Extracted records:
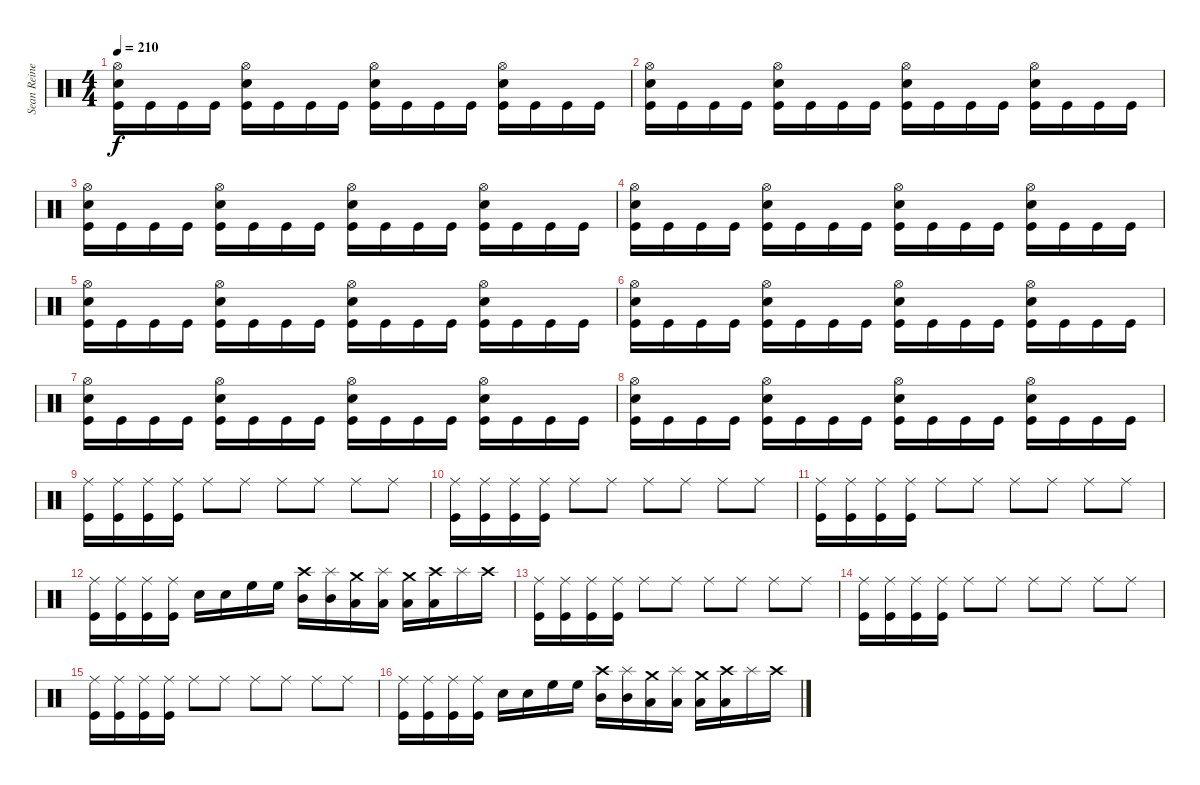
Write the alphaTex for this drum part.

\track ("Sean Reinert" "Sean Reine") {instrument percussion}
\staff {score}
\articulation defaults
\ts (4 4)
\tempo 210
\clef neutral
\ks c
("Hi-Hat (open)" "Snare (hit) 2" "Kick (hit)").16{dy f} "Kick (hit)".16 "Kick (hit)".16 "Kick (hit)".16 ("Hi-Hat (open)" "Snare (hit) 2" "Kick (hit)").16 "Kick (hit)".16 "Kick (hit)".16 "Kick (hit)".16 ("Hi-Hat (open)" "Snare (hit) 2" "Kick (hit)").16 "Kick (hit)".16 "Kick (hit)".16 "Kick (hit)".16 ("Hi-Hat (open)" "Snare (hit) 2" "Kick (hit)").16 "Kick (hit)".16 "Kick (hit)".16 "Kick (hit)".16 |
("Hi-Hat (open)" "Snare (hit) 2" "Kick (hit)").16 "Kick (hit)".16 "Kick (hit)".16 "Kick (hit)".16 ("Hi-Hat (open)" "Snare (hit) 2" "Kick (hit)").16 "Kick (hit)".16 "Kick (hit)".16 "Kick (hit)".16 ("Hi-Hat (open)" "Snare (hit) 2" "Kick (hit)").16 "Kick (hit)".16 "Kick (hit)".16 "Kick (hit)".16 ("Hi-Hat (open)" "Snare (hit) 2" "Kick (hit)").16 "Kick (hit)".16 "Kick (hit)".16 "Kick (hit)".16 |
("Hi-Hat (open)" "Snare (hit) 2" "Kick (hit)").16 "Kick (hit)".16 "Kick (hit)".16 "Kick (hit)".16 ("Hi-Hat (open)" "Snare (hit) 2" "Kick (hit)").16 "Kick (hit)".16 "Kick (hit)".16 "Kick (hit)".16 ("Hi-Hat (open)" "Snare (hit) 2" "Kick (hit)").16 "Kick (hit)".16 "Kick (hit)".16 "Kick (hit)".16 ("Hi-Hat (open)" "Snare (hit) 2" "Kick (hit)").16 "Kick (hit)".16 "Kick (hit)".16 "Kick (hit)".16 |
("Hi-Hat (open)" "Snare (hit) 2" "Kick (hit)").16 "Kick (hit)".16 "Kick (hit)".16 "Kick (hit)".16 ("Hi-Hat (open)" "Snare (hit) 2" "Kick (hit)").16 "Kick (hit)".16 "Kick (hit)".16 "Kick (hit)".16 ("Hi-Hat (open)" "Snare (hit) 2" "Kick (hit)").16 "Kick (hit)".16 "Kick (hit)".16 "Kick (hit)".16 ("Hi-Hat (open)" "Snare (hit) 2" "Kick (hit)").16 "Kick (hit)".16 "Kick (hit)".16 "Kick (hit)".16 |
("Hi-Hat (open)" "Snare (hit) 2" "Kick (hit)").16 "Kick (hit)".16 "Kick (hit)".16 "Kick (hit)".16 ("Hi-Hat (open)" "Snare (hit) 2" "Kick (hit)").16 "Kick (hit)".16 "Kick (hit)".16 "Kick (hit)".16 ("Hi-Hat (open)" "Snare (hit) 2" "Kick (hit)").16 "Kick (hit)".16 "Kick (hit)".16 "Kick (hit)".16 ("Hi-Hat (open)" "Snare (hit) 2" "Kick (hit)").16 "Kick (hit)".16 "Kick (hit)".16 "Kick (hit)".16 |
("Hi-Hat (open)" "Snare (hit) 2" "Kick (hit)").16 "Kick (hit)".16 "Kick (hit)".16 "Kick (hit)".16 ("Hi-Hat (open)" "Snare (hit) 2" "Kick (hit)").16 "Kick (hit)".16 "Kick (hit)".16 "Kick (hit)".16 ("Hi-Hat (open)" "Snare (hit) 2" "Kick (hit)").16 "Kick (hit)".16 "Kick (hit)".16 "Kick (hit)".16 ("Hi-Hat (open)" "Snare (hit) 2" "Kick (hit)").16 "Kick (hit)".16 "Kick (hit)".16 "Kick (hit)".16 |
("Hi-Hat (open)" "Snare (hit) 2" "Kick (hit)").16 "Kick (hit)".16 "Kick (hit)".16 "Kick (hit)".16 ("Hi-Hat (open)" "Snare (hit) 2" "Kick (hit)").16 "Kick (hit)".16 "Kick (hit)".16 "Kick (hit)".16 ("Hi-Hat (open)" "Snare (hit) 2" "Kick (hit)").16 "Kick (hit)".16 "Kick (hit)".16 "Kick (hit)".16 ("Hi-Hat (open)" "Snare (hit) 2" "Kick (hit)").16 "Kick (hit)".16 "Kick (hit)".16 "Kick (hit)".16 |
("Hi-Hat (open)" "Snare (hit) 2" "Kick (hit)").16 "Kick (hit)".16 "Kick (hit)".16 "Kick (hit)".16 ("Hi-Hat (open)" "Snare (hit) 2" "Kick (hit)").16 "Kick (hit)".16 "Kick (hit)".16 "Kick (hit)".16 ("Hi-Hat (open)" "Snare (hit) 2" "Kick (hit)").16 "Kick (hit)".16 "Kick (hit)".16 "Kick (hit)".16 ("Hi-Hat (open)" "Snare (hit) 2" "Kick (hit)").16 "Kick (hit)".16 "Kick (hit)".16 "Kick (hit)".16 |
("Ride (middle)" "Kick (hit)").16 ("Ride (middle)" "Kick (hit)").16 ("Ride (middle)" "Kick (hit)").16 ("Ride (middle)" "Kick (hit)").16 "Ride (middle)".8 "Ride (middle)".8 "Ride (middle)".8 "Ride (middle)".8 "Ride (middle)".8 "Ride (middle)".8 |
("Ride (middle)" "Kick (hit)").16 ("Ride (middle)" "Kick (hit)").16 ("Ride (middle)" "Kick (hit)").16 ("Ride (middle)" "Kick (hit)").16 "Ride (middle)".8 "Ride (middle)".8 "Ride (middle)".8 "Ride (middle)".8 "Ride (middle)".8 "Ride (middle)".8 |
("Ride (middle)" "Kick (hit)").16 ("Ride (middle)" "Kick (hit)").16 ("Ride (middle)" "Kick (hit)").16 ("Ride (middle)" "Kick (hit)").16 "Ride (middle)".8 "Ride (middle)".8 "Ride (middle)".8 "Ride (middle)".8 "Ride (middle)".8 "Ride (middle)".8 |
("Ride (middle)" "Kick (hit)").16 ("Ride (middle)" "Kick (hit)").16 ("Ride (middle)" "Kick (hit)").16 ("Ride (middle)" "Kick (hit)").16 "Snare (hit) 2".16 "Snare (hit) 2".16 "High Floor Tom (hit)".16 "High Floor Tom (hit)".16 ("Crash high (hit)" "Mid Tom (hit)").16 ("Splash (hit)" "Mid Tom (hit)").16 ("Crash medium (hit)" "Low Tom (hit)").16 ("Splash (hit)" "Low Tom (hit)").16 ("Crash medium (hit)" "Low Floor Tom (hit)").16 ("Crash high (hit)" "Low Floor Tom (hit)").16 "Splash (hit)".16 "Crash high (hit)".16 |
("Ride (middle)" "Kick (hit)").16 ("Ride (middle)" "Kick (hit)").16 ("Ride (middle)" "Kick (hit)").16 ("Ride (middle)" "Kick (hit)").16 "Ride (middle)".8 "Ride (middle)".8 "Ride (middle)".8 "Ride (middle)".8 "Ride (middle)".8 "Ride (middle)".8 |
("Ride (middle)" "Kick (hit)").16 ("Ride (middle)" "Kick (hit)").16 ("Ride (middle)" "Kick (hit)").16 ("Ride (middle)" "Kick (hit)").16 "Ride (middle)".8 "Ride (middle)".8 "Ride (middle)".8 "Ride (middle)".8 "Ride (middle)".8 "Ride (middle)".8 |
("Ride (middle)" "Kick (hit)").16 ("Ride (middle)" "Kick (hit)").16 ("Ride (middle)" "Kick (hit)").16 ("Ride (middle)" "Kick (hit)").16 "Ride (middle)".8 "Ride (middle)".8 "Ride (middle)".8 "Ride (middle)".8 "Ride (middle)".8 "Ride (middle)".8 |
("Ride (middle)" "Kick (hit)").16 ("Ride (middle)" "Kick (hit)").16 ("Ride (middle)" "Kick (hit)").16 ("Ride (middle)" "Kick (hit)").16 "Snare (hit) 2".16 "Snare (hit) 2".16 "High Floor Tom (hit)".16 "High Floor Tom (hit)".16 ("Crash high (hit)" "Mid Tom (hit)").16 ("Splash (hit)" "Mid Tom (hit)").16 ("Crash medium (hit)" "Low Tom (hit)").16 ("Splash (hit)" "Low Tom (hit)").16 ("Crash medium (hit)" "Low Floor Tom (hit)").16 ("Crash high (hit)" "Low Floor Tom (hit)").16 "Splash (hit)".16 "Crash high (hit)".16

» TASK DIRECTIONS
In the records above, locate the lines holding the word "Crash". Copy each of them.

» SOLUTION FOR THIS PROBLEM
("Ride (middle)" "Kick (hit)").16 ("Ride (middle)" "Kick (hit)").16 ("Ride (middle)" "Kick (hit)").16 ("Ride (middle)" "Kick (hit)").16 "Snare (hit) 2".16 "Snare (hit) 2".16 "High Floor Tom (hit)".16 "High Floor Tom (hit)".16 ("Crash high (hit)" "Mid Tom (hit)").16 ("Splash (hit)" "Mid Tom (hit)").16 ("Crash medium (hit)" "Low Tom (hit)").16 ("Splash (hit)" "Low Tom (hit)").16 ("Crash medium (hit)" "Low Floor Tom (hit)").16 ("Crash high (hit)" "Low Floor Tom (hit)").16 "Splash (hit)".16 "Crash high (hit)".16 |
("Ride (middle)" "Kick (hit)").16 ("Ride (middle)" "Kick (hit)").16 ("Ride (middle)" "Kick (hit)").16 ("Ride (middle)" "Kick (hit)").16 "Snare (hit) 2".16 "Snare (hit) 2".16 "High Floor Tom (hit)".16 "High Floor Tom (hit)".16 ("Crash high (hit)" "Mid Tom (hit)").16 ("Splash (hit)" "Mid Tom (hit)").16 ("Crash medium (hit)" "Low Tom (hit)").16 ("Splash (hit)" "Low Tom (hit)").16 ("Crash medium (hit)" "Low Floor Tom (hit)").16 ("Crash high (hit)" "Low Floor Tom (hit)").16 "Splash (hit)".16 "Crash high (hit)".16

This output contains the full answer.